Zirka 0,1 g Stuhlprobe werden in 1 ml UniversalTransportMedium UTM (Copan Italia S.P.A.) suspendiert. Das UTM besteht aus einem mit Medium gefüllten Röhrchen, das zusätzlich Glasperlen enthält, um eine bessere Durchmischung der Probe zu erzielen. Durch Zentrifugation (10 Min., 1.600 x g) werden größere Stuhlbestandteile (zum Beispiel Pflanzenfasern) sedimentiert. Der Überstand der zentrifugierten Proben kann nach dem Öffnen der Röhrchen direkt im QIAsymphony SP zur Nukleinsäure-Extraktion eingesetzt werden. Das hierbei zum Einsatz kommende QIAsymphony DSP Virus/Pathogen Mini Kit gewährleistet eine optimale Nukleinsäureextraktion aus unterschiedlichsten Probenmaterialien.

Auf Anraten der Qiagen-Applikationsspezialisten wurde der optional einsetzbare ATL-Puffer hinzugefügt, um eine generalisierte Lyse zu erhalten. Außerdem wurde das originale Extraktionsprotokoll (Pathogen Complex 200) so angepasst, dass das Probenmaterial ohne vorheriges Mischen direkt von der Flüssigkeitsoberfläche eingesetzt werden kann. Eine Trennung von Überstand und Pellet ist nicht mehr erforderlich, womit ein Pipettierschritt sowie Verbrauchsmaterial eingespart werden können.

Datenmanagement

Das adaptierte Protokoll mit der Bezeichnung „complex-200cr-212tid155_v1“ ist auf der Qiagen-Homepage verfügbar. Die Primärproben mit den Originalpatientenbarcodes können direkt in das QIAsymphony-System mit integriertem Barcodeleser für Primärproben eingesetzt werden, wodurch eine hohe Prozess-Sicherheit erreicht wird. Mit der neu entwickelten QIAlink-Software in Kombination mit der QIAsymphony Management Console ist außerdem das Datenmanagement zwischen dem QIAsymphony SP/AS und bis zu drei Rotor-Gene Q Cyclern mit dem Laborinformationssystem C-LAB von der Probe bis zur Befundung vollständig automatisiert. Nach zirka 80 Minuten (24 Proben) stehen die Totalnukleinsäureisolate für den Nachweis von Bakterien und DNA- oder RNA-Viren zur Verfügung.

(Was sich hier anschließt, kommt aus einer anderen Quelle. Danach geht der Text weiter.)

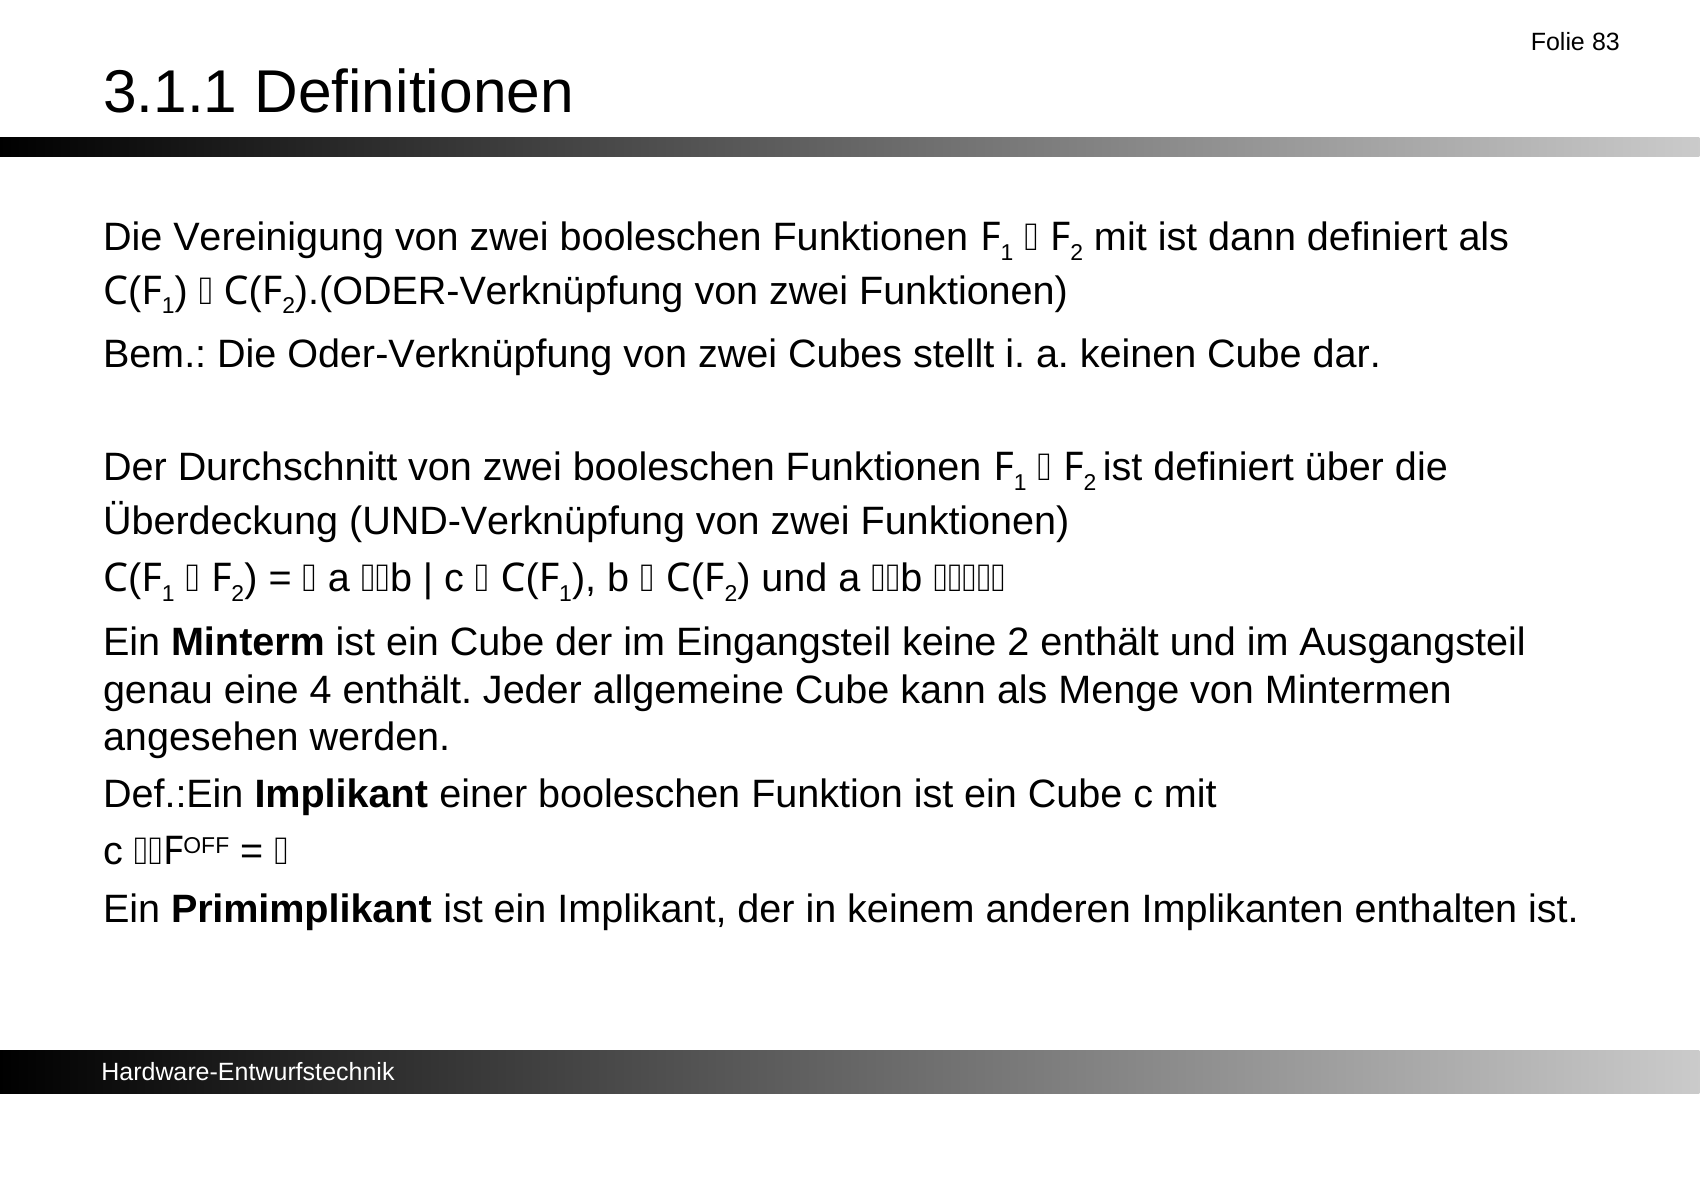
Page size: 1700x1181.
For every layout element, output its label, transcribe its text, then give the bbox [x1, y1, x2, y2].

list Die Vereinigung von zwei booleschen Funktionen F1  F2 mit ist dann definiert als C(F1)  C(F2).(ODER-Verknüpfung von zwei Funktionen) Bem.: Die Oder-Verknüpfung von zwei Cubes stellt i. a. keinen Cube dar. Der Durchschnitt von zwei booleschen Funktionen F1  F2 ist definiert über die Überdeckung (UND-Verknüpfung von zwei Funktionen) C(F1  F2) =  a b | c  C(F1), b  C(F2) und a b  Ein Minterm ist ein Cube der im Eingangsteil keine 2 enthält und im Ausgangsteil genau eine 4 enthält. Jeder allgemeine Cube kann als Menge von Mintermen angesehen werden. Def.:Ein Implikant einer booleschen Funktion ist ein Cube c mit c FOFF =  Ein Primimplikant ist ein Implikant, der in keinem anderen Implikanten enthalten ist. [87, 202, 1613, 1022]
title 3.1.1 Definitionen [87, 36, 1421, 142]
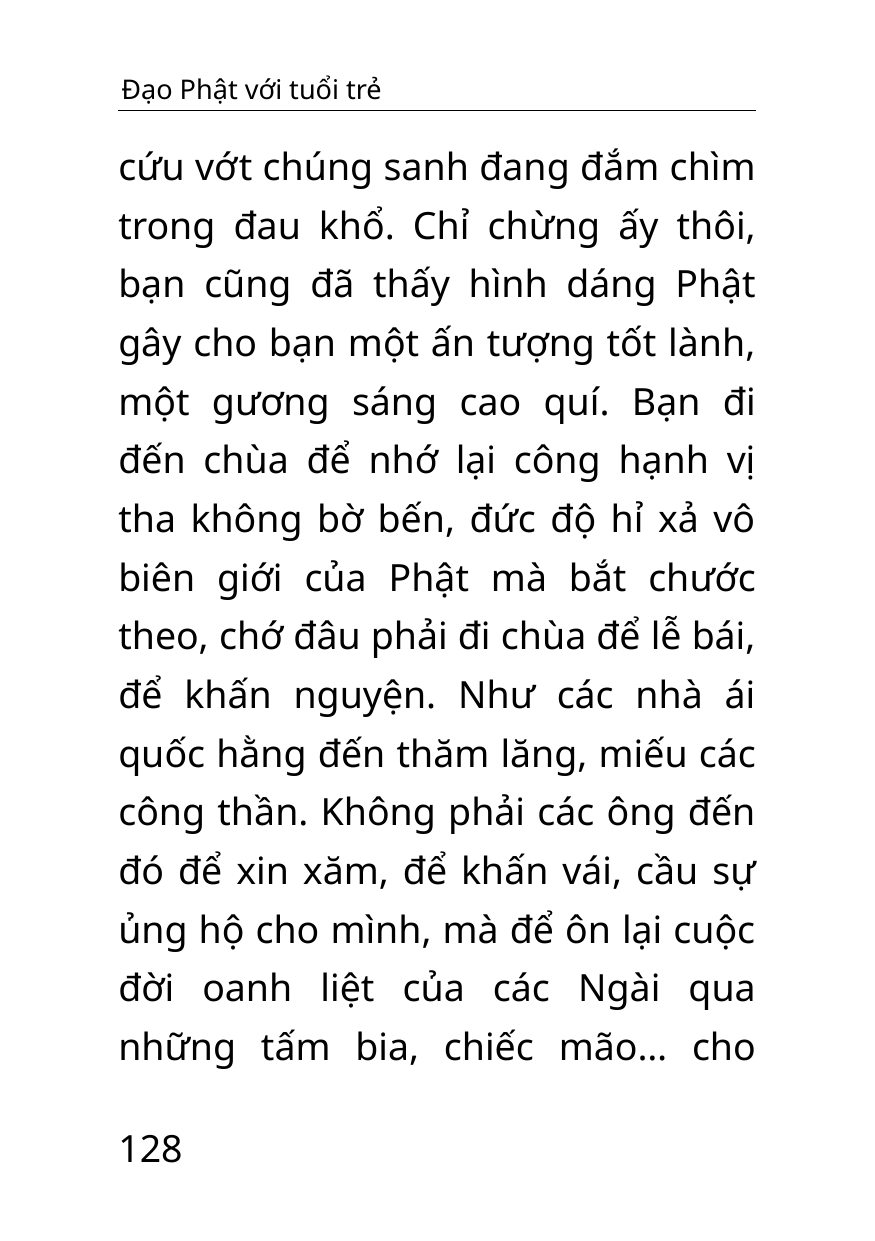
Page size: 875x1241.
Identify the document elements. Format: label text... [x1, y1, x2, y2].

text cứu vớt chúng sanh đang đắm chìm trong đau khổ. Chỉ chừng ấy thôi, bạn cũng đã thấy hình dáng Phật gây cho bạn một ấn tượng tốt lành, một gương sáng cao quí. Bạn đi đến chùa để nhớ lại công hạnh vị tha không bờ bến, đức độ hỉ xả vô biên giới của Phật mà bắt chước theo, chớ đâu phải đi chùa để lễ bái, để khấn nguyện. Như các nhà ái quốc hằng đến thăm lăng, miếu các công thần. Không phải các ông đến đó để xin xăm, để khấn vái, cầu sự ủng hộ cho mình, mà để ôn lại cuộc đời oanh liệt của các Ngài qua những tấm bia, chiếc mão… cho [118, 141, 756, 1071]
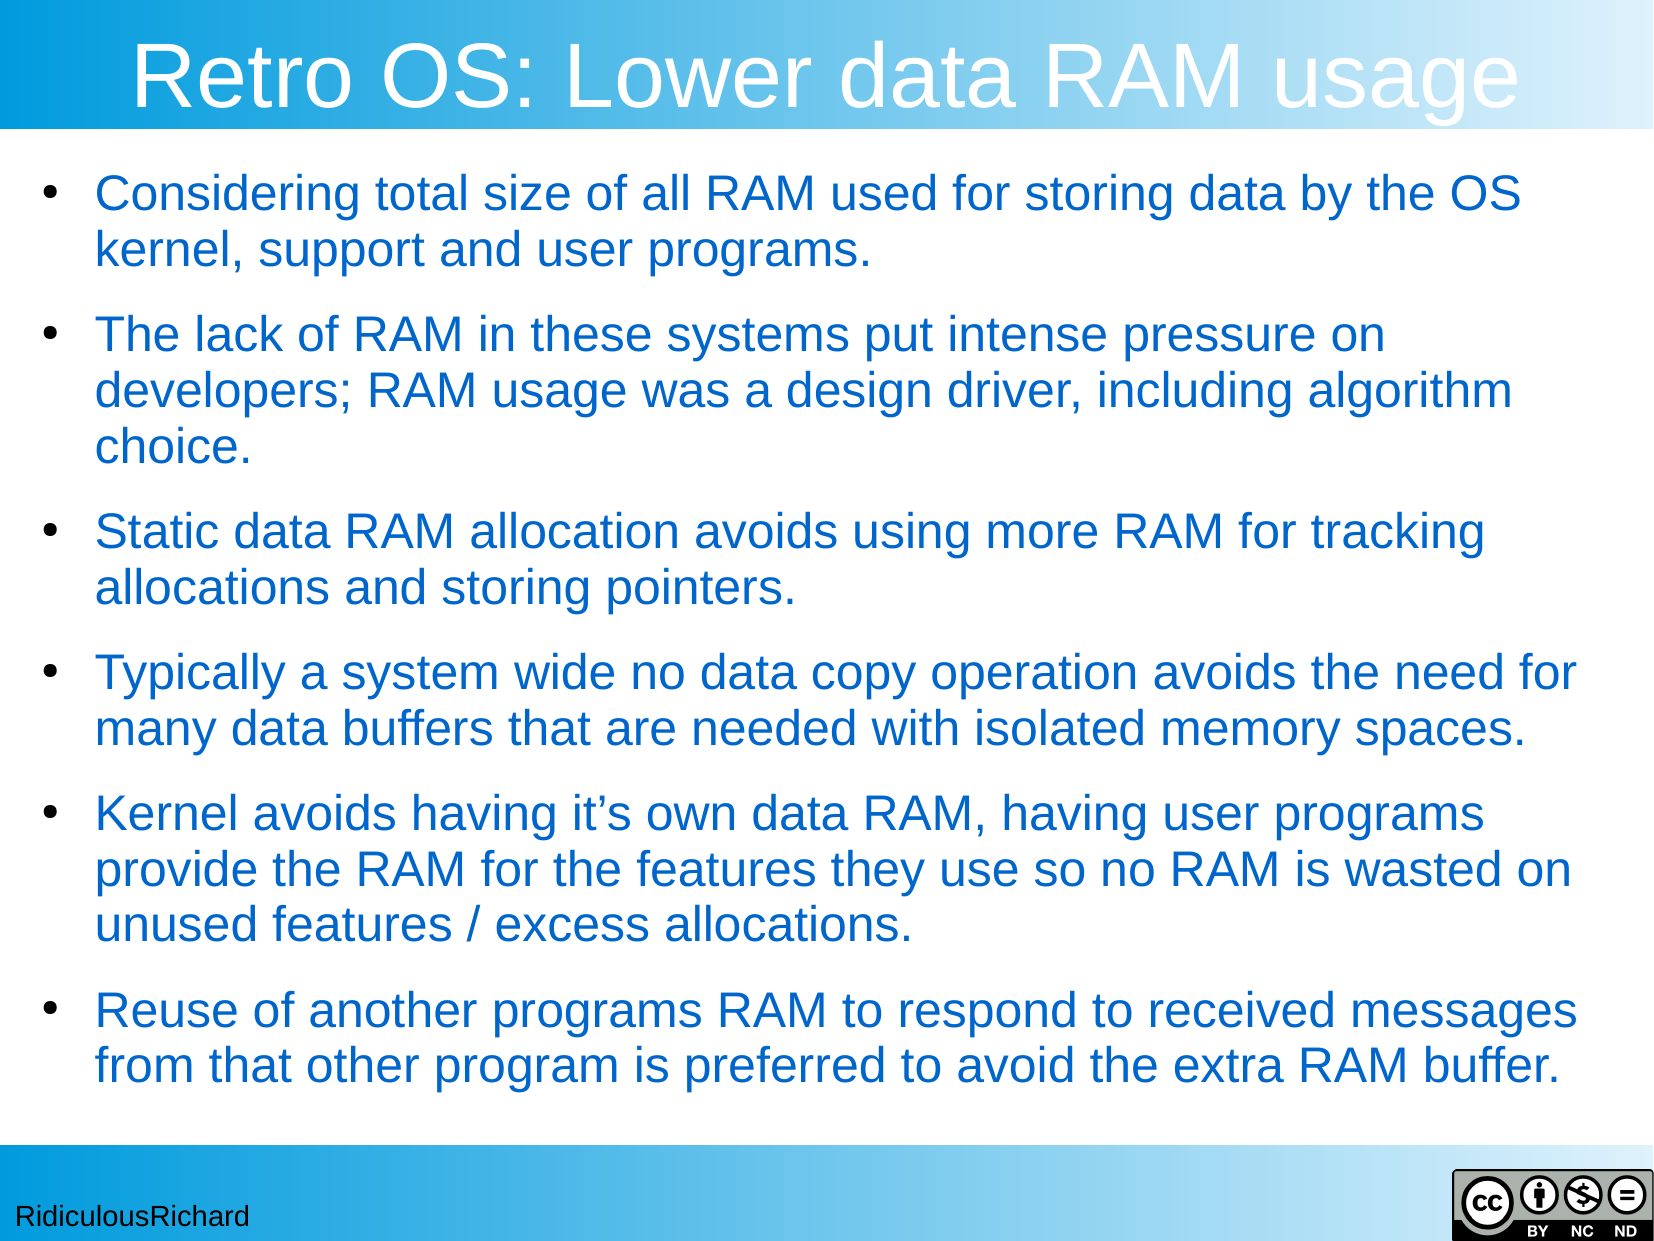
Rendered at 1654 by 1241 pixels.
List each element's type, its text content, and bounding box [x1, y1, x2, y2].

picture [1452, 1169, 1654, 1241]
list Considering total size of all RAM used for storing data by the OS kernel, support and user programs. The lack of RAM in these systems put intense pressure on developers; RAM usage was a design driver, including algorithm choice. Static data RAM allocation avoids using more RAM for tracking allocations and storing pointers. Typically a system wide no data copy operation avoids the need for many data buffers that are needed with isolated memory spaces. Kernel avoids having it’s own data RAM, having user programs provide the RAM for the features they use so no RAM is wasted on unused features / excess allocations. Reuse of another programs RAM to respond to received messages from that other program is preferred to avoid the extra RAM buffer. [23, 165, 1630, 1123]
title Retro OS: Lower data RAM usage [47, 0, 1607, 165]
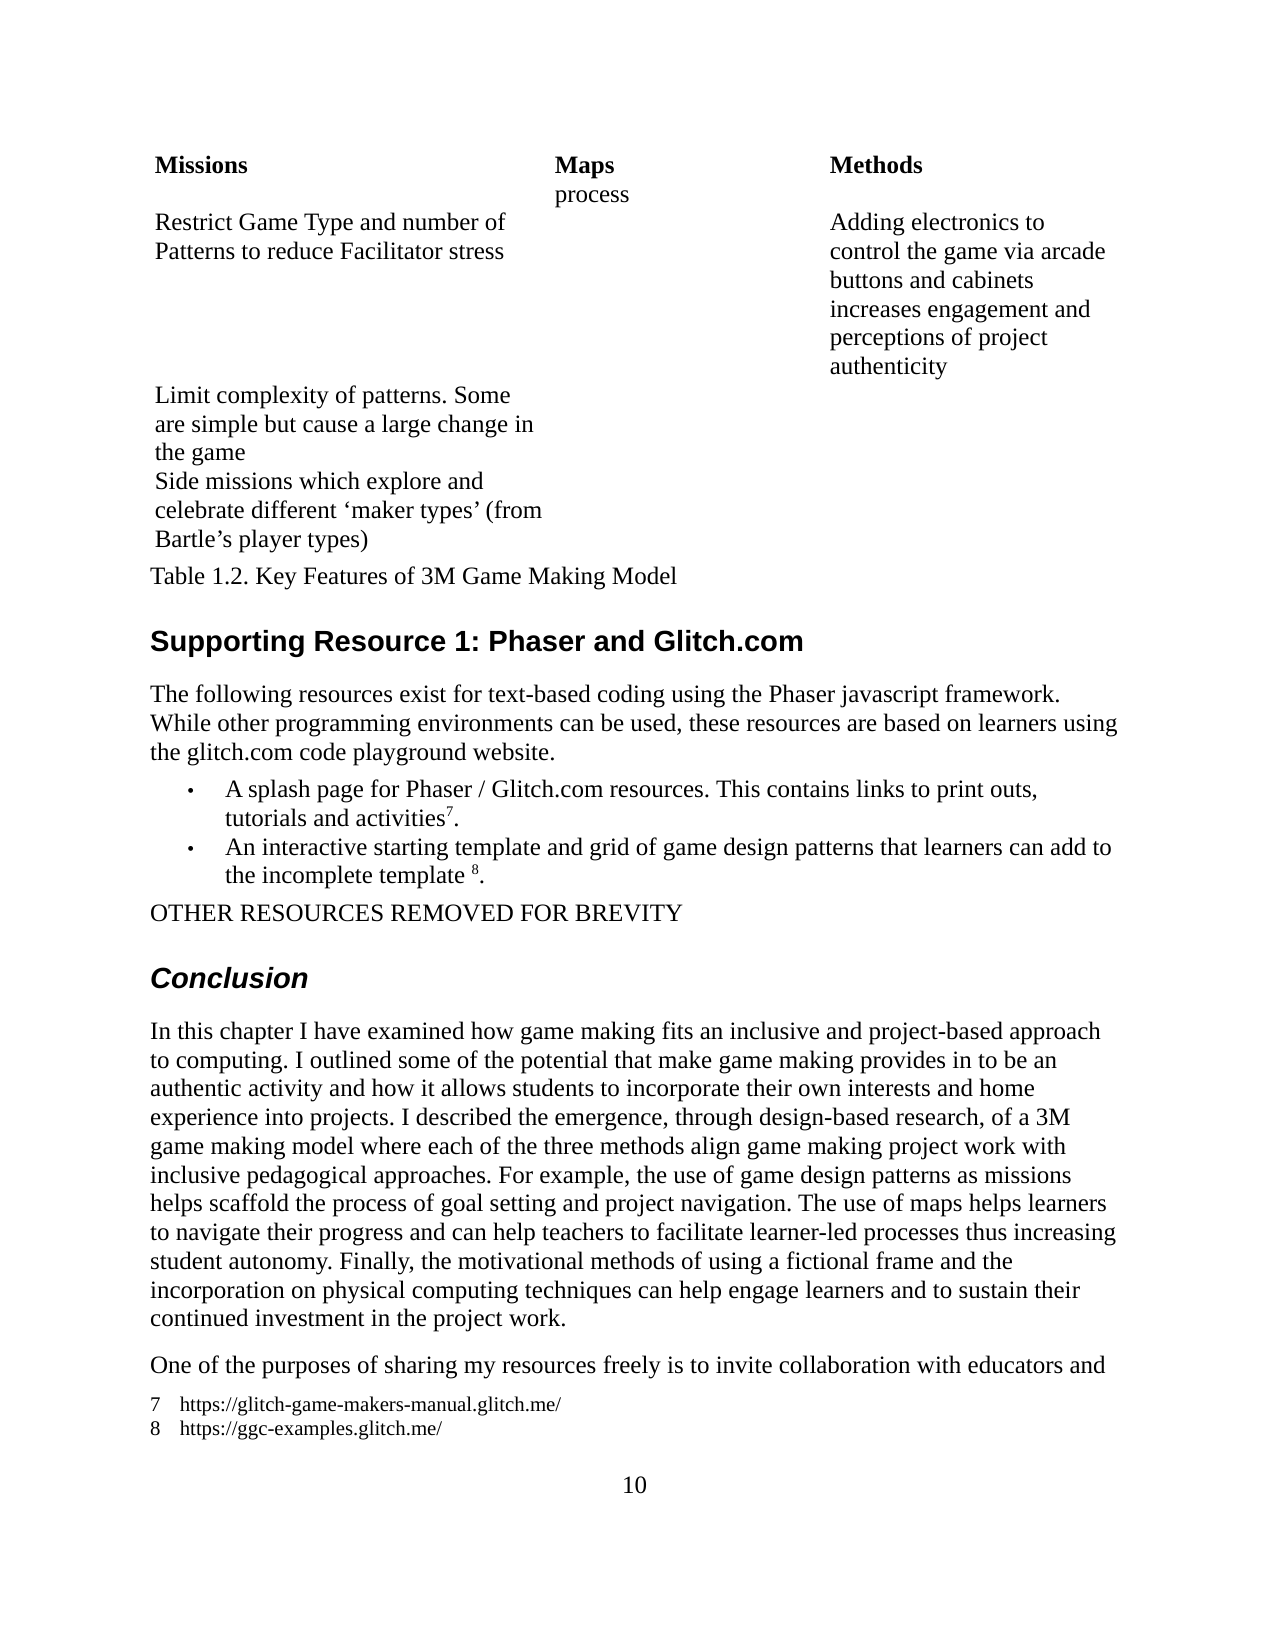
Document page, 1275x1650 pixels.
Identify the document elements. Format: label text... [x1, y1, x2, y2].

Für die PCR-Reaktion werden die QuantiFast-Multiplex-PCR beziehungsweise RT-PCR-Kits von Qiagen verwendet. Verschiedene Real-Time-PCR-Geräte lassen sich für die eigentliche Amplifikation und Detektion einsetzen, allen voran der Rotor-Gene Q oder auch Cycler, die 96 Well-Platten aufnehmen können. Zusammen mit dem technischen Support der Firma Qiagen konnte die QIAsymphony RGQ-Plattform hervorragend an die Arbeitsabläufe und Bedürfnisse im Labor angepasst und in das lokale LIMS-System integriert werden.

Das beschriebene Vorgehen zum Viren- und Bakteriendirektnachweis aus Stuhlproben lässt sich leicht in den bestehenden Laborablauf integrieren. Die verwendeten Reagenzien erlauben im Multiplex-Ansatz den Nachweis weiterer relevanter Erreger wie zum Beispiel EHEC, Adenoviren, Enteroviren und Helicobacter pylori, so dass eine den modernen Bedürfnissen angepasste Stuhldiagnostik mit gleichzeitig hoher Analysenqualität bei geringer Personalbindung und hoher Kosteneffizienz ermöglicht wird.